What we ended up doing is using a retry mechanism like https://github.com/Wandalen/wretry.action to retry the upload. fail_ci_if_error set to false is not an option really if someone cares about the coverage reports.

This would be very helpful.

We fixed the initial problem “Unable to locate build via Github Actions API.” using some of the suggestions in the several different dscussions.

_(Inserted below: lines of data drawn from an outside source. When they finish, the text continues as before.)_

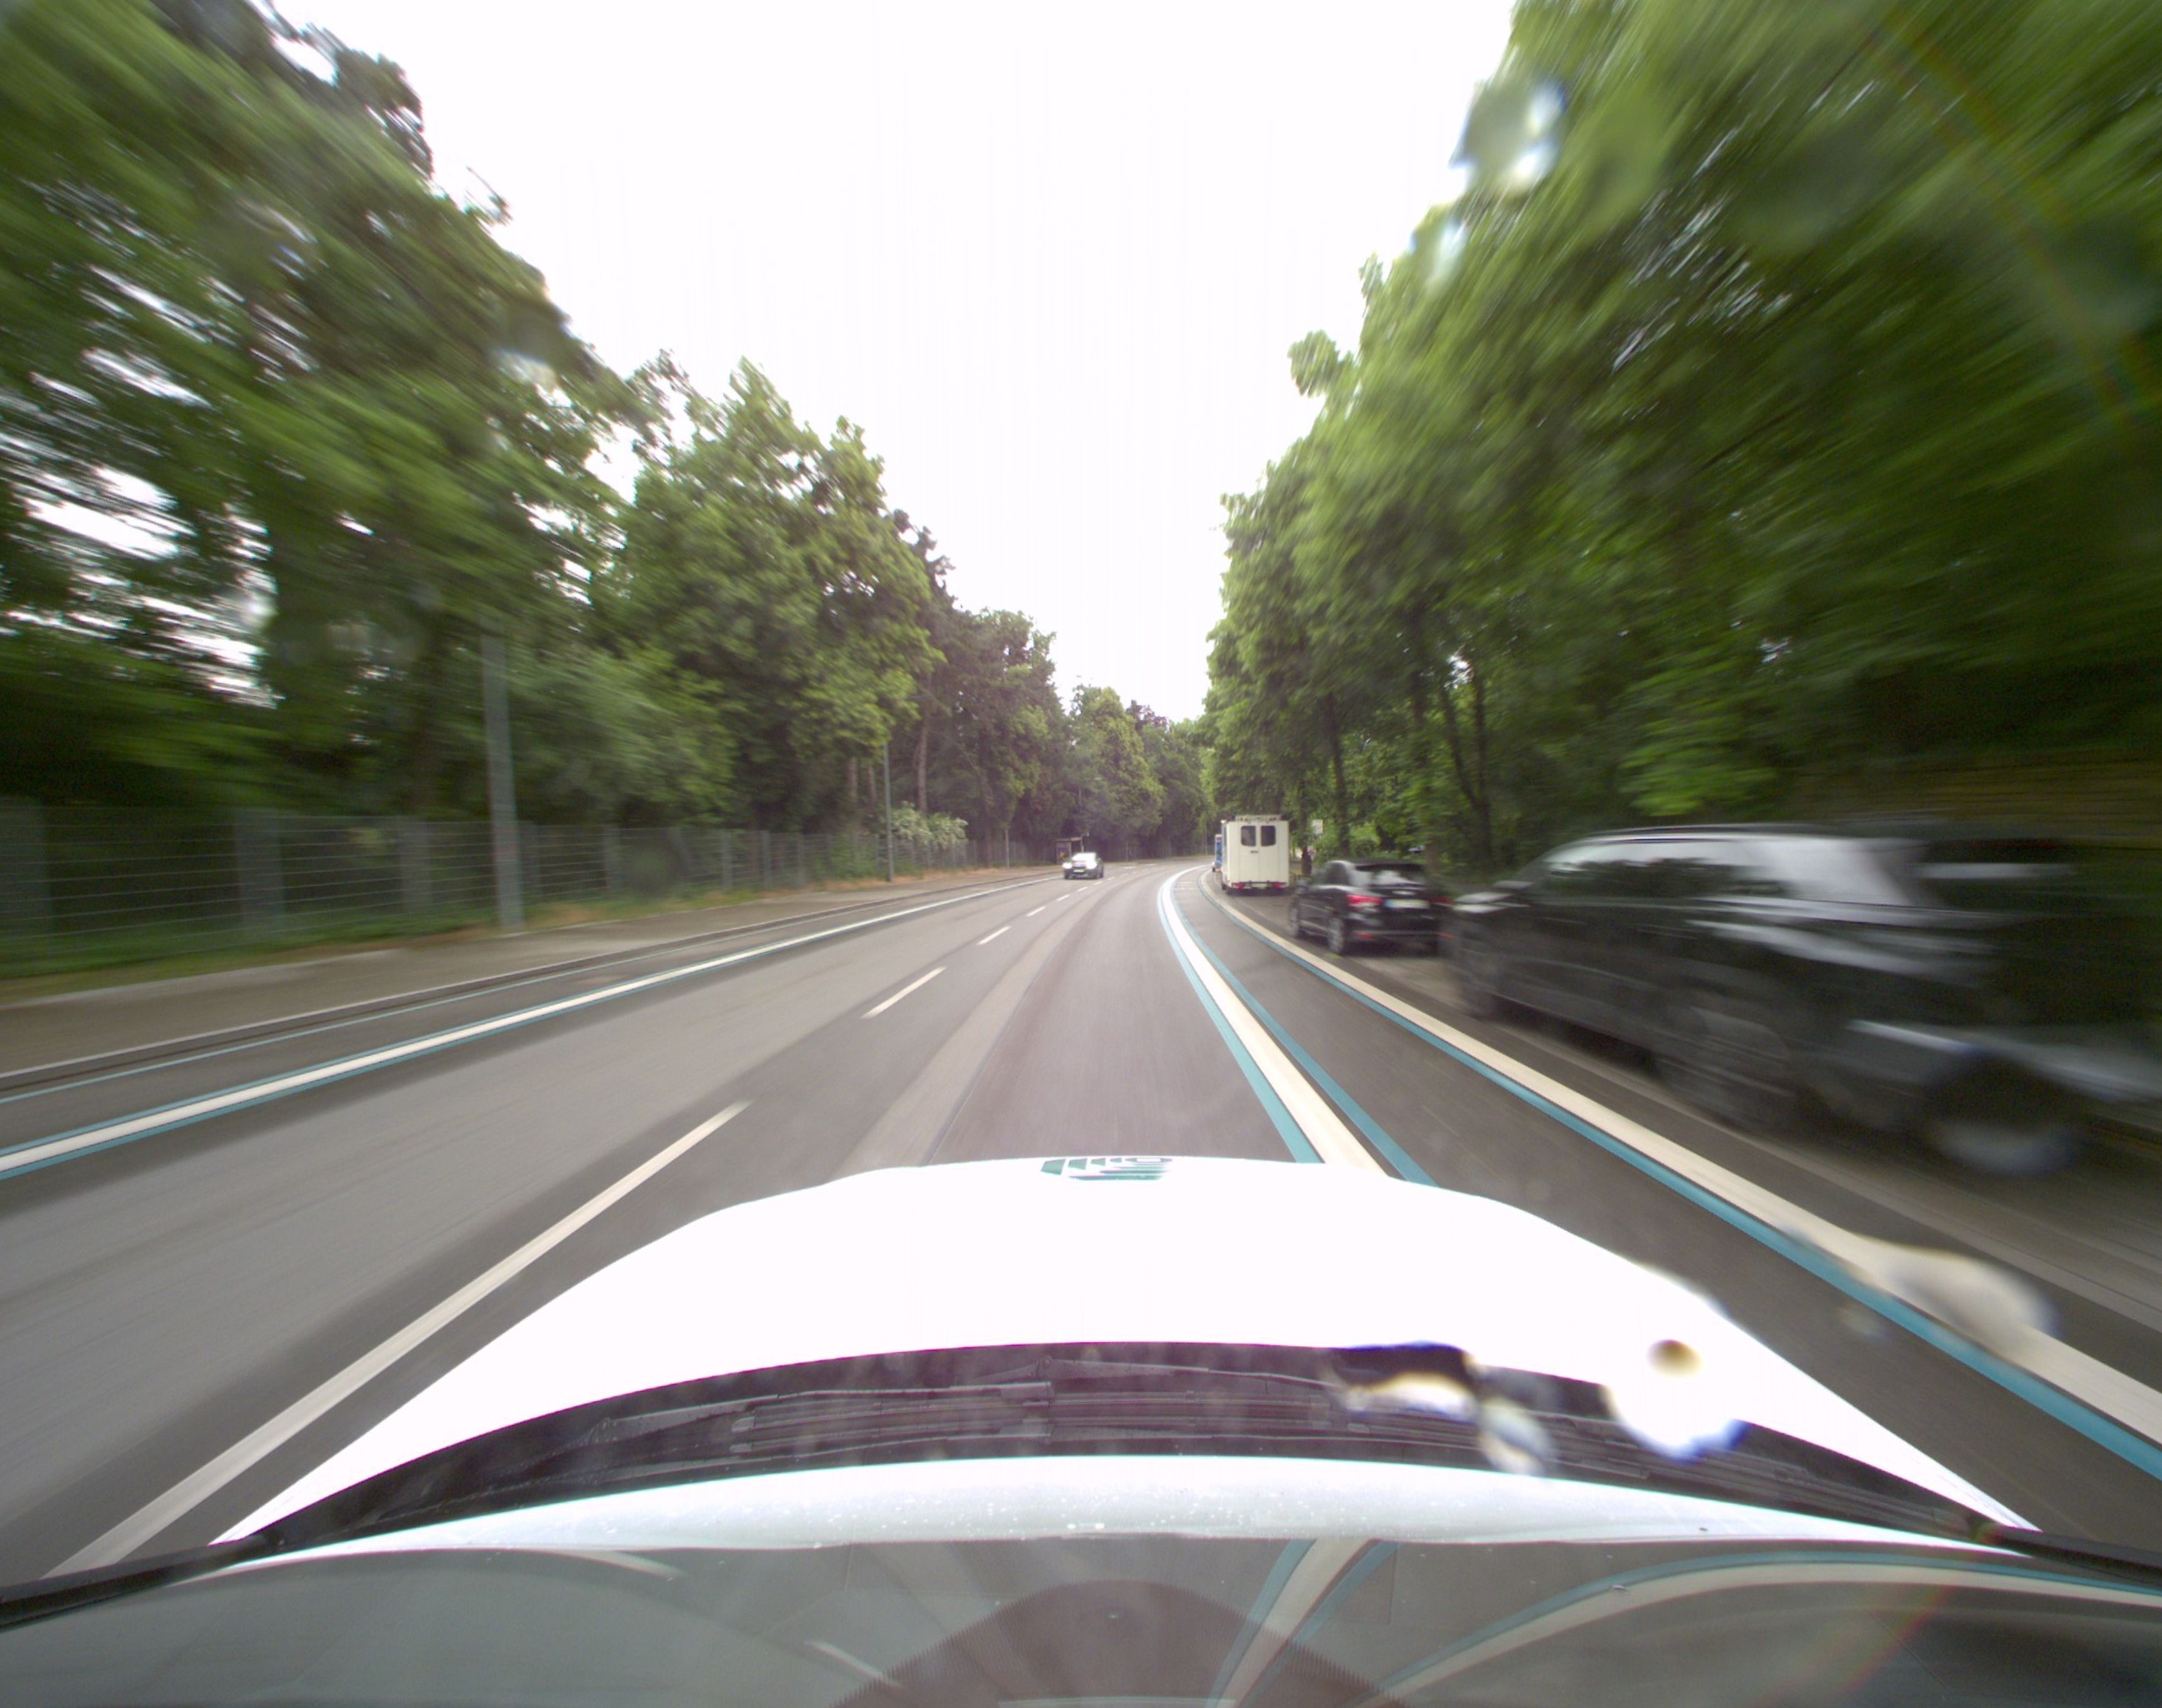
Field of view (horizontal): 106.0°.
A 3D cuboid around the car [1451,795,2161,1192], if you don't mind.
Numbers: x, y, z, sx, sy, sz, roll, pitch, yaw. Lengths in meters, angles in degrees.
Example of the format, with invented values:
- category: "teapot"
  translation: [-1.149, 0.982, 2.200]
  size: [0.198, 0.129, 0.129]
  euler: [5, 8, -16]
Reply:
- category: "car"
  translation: [4.487, 0.615, 5.588]
  size: [1.986, 1.645, 4.348]
  euler: [1, -1, 1]

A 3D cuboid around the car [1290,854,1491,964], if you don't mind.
- category: "car"
  translation: [4.459, 0.722, 12.407]
  size: [1.671, 1.376, 4.002]
  euler: [-1, -1, 2]

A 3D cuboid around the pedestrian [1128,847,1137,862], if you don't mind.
- category: "pedestrian"
  translation: [5.969, 0.057, 94.552]
  size: [0.881, 1.733, 1.149]
  euler: [0, 0, 11]

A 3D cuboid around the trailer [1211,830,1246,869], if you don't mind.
- category: "trailer"
  translation: [10.652, -0.313, 58.767]
  size: [2.301, 2.672, 5.392]
  euler: [0, 0, 11]

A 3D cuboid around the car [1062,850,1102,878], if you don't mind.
- category: "car"
  translation: [0.097, 0.511, 45.459]
  size: [1.751, 1.437, 4.158]
  euler: [-1, 0, 6]

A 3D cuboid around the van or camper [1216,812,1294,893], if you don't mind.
- category: "van or camper"
  translation: [6.250, -0.078, 29.983]
  size: [2.304, 2.664, 6.396]
  euler: [0, 0, 8]
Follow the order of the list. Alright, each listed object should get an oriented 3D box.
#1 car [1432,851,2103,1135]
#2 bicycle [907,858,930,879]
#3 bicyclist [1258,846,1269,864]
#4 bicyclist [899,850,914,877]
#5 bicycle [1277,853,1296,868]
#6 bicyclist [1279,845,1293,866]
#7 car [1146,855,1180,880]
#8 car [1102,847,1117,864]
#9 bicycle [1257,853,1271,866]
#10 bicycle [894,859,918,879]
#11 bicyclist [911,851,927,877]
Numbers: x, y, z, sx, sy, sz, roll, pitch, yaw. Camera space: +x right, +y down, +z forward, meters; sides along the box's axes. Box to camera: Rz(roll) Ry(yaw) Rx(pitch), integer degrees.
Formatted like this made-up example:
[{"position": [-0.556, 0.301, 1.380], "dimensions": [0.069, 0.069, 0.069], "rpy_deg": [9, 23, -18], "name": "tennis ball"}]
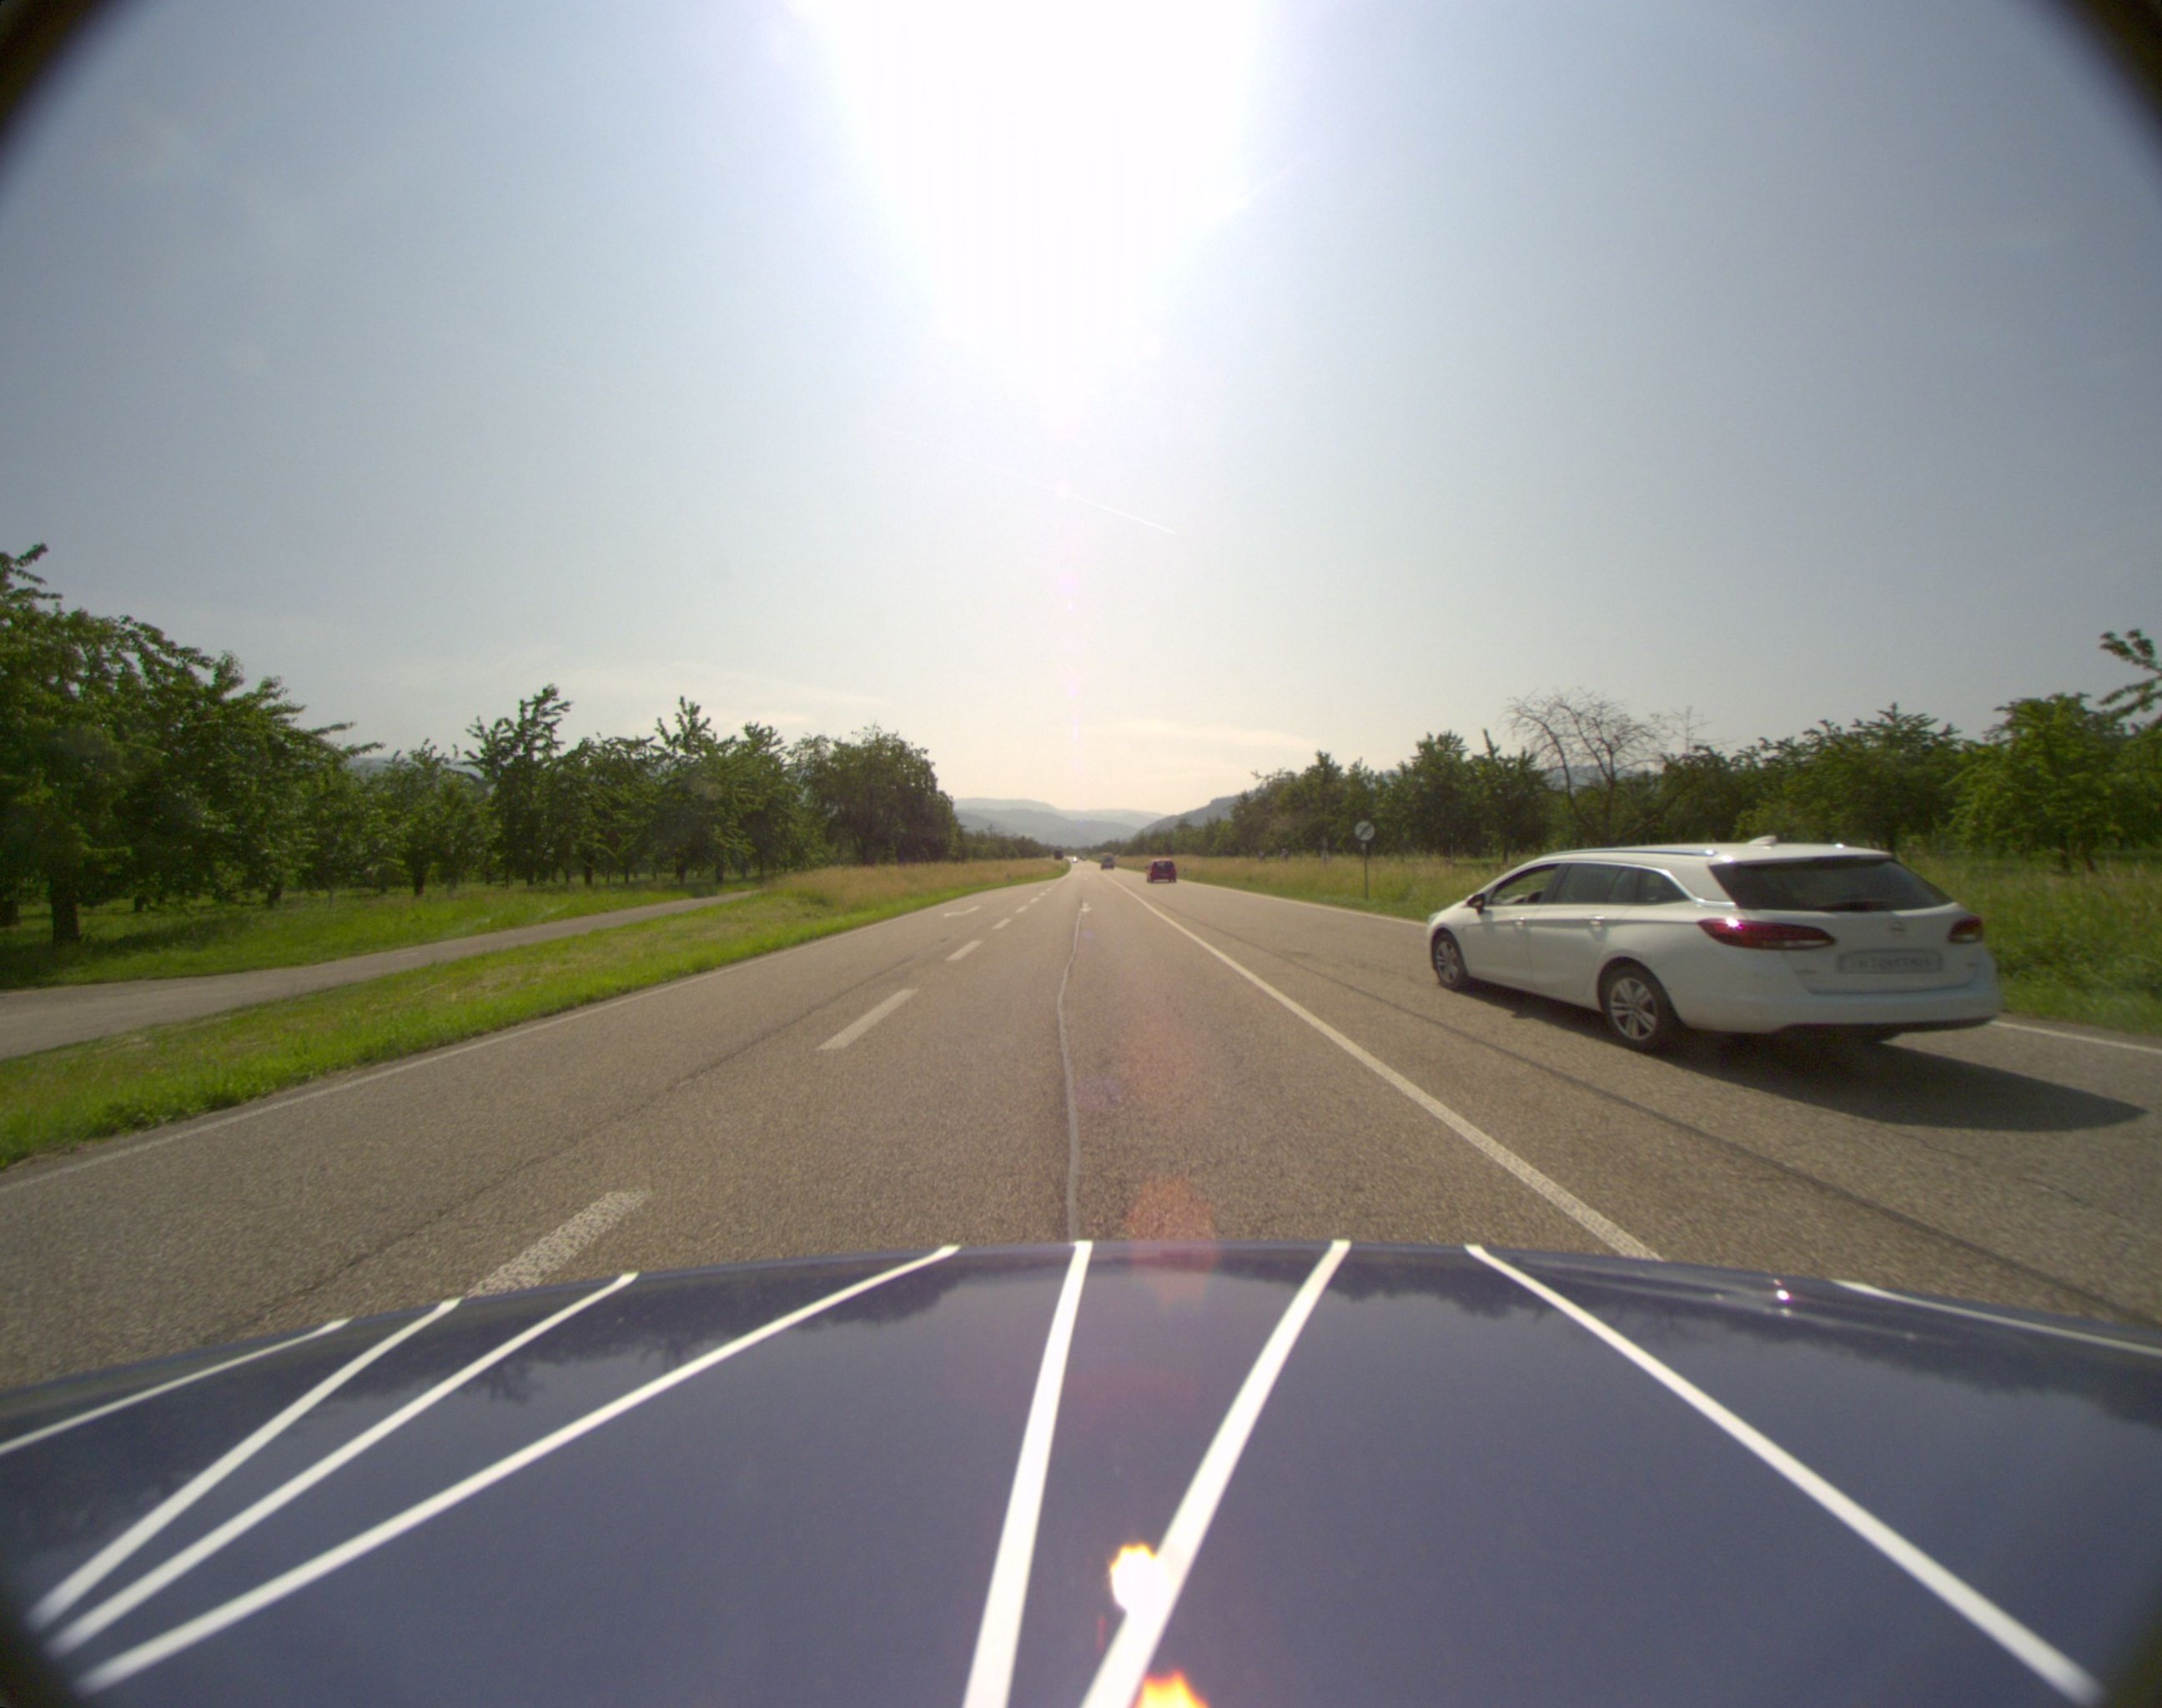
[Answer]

It has been running OK for few weeks now but now we started to see different errors, such as:

[2023-03-13T18:04:08.821Z] ['info'] Pinging Codecov: https://codecov.io/upload/v4?package=github-action-3.1.1-uploader-0.3.5&token=*******&branch=fix%2F10518&build=4407915657&build_url=https%3A%2F%2Fgithub.com%2Fdecidim%2Fdecidim%2Factions%2Fruns%2F4407915657&commit=538d19c980fa26abebbdb736c28488a81c69ac8a&job=%5BCI%5D+Meetings+%28unit+tests%29&pr=10519&service=github-actions&slug=decidim%2Fdecidim&name=decidim-meetings&tag=&flags=decidim-meetings&parent=
[2023-03-13T18:04:27.515Z] ['error'] There was an error running the uploader: Error uploading to [https://codecov.io:](https://codecov.io/) Error: There was an error fetching the storage URL during POST: 500 - {"error": "Server Error (500)"}

And

[2023-03-13T18:16:44.977Z] ['info'] Pinging Codecov: https://codecov.io/upload/v4?package=github-action-3.1.1-uploader-0.3.5&token=*******&branch=fix%2F10518&build=4407915631&build_url=https%3A%2F%2Fgithub.com%2Fdecidim%2Fdecidim%2Factions%2Fruns%2F4407915631&commit=538d19c980fa26abebbdb736c28488a81c69ac8a&job=%5BCI%5D+Meetings+%28system+public%29&pr=10519&service=github-actions&slug=decidim%2Fdecidim&name=decidim-meetings-system-public&tag=&flags=decidim-meetings-system-public&parent=
[2023-03-13T18:17:15.139Z] ['error'] There was an error running the uploader: Error uploading to [https://codecov.io:](https://codecov.io/) HeadersTimeoutError: Headers Timeout Error

It would be really helpful if the codecov action waited few seconds and retried so that we don’t have to rerun the whole action which can take up to 30 mins (depending on the workflow).